→ Input material:

%%

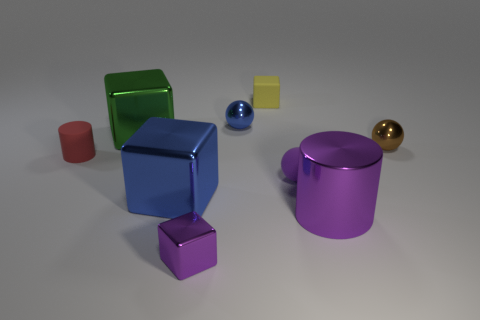Subtract all cylinders. How many objects are left? 7 Add 3 balls. How many balls are left? 6 Add 4 small brown cylinders. How many small brown cylinders exist? 4 Subtract 1 purple spheres. How many objects are left? 8 Subtract all large cyan balls. Subtract all tiny brown objects. How many objects are left? 8 
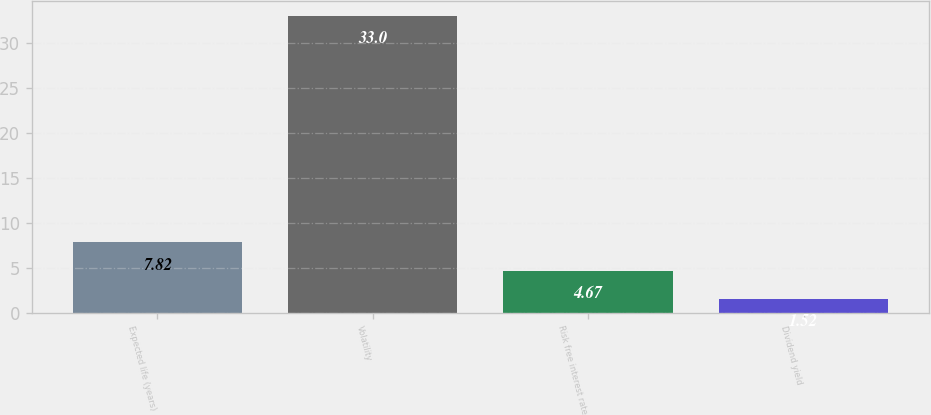<chart> <loc_0><loc_0><loc_500><loc_500><bar_chart><fcel>Expected life (years)<fcel>Volatility<fcel>Risk free interest rate<fcel>Dividend yield<nl><fcel>7.82<fcel>33<fcel>4.67<fcel>1.52<nl></chart> 
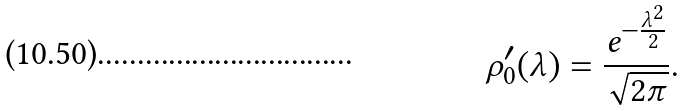<formula> <loc_0><loc_0><loc_500><loc_500>\rho _ { 0 } ^ { \prime } ( \lambda ) = \frac { e ^ { - \frac { \lambda ^ { 2 } } 2 } } { \sqrt { 2 \pi } } .</formula> 
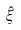<formula> <loc_0><loc_0><loc_500><loc_500>\hat { \xi }</formula> 
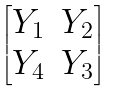<formula> <loc_0><loc_0><loc_500><loc_500>\begin{bmatrix} Y _ { 1 } & Y _ { 2 } \\ Y _ { 4 } & Y _ { 3 } \end{bmatrix}</formula>

%%

→ To do:
Your response must reproduce every line of the data exactly, with images omitted.

→ Finished exercise:
Subtract all cylinders. How many objects are left? 7 Add 3 balls. How many balls are left? 6 Add 4 small brown cylinders. How many small brown cylinders exist? 4 Subtract 1 purple spheres. How many objects are left? 8 Subtract all large cyan balls. Subtract all tiny brown objects. How many objects are left? 8 
<chart> <loc_0><loc_0><loc_500><loc_500><bar_chart><fcel>Expected life (years)<fcel>Volatility<fcel>Risk free interest rate<fcel>Dividend yield<nl><fcel>7.82<fcel>33<fcel>4.67<fcel>1.52<nl></chart> 
<formula> <loc_0><loc_0><loc_500><loc_500>\rho _ { 0 } ^ { \prime } ( \lambda ) = \frac { e ^ { - \frac { \lambda ^ { 2 } } 2 } } { \sqrt { 2 \pi } } .</formula> 
<formula> <loc_0><loc_0><loc_500><loc_500>\hat { \xi }</formula> 
<formula> <loc_0><loc_0><loc_500><loc_500>\begin{bmatrix} Y _ { 1 } & Y _ { 2 } \\ Y _ { 4 } & Y _ { 3 } \end{bmatrix}</formula>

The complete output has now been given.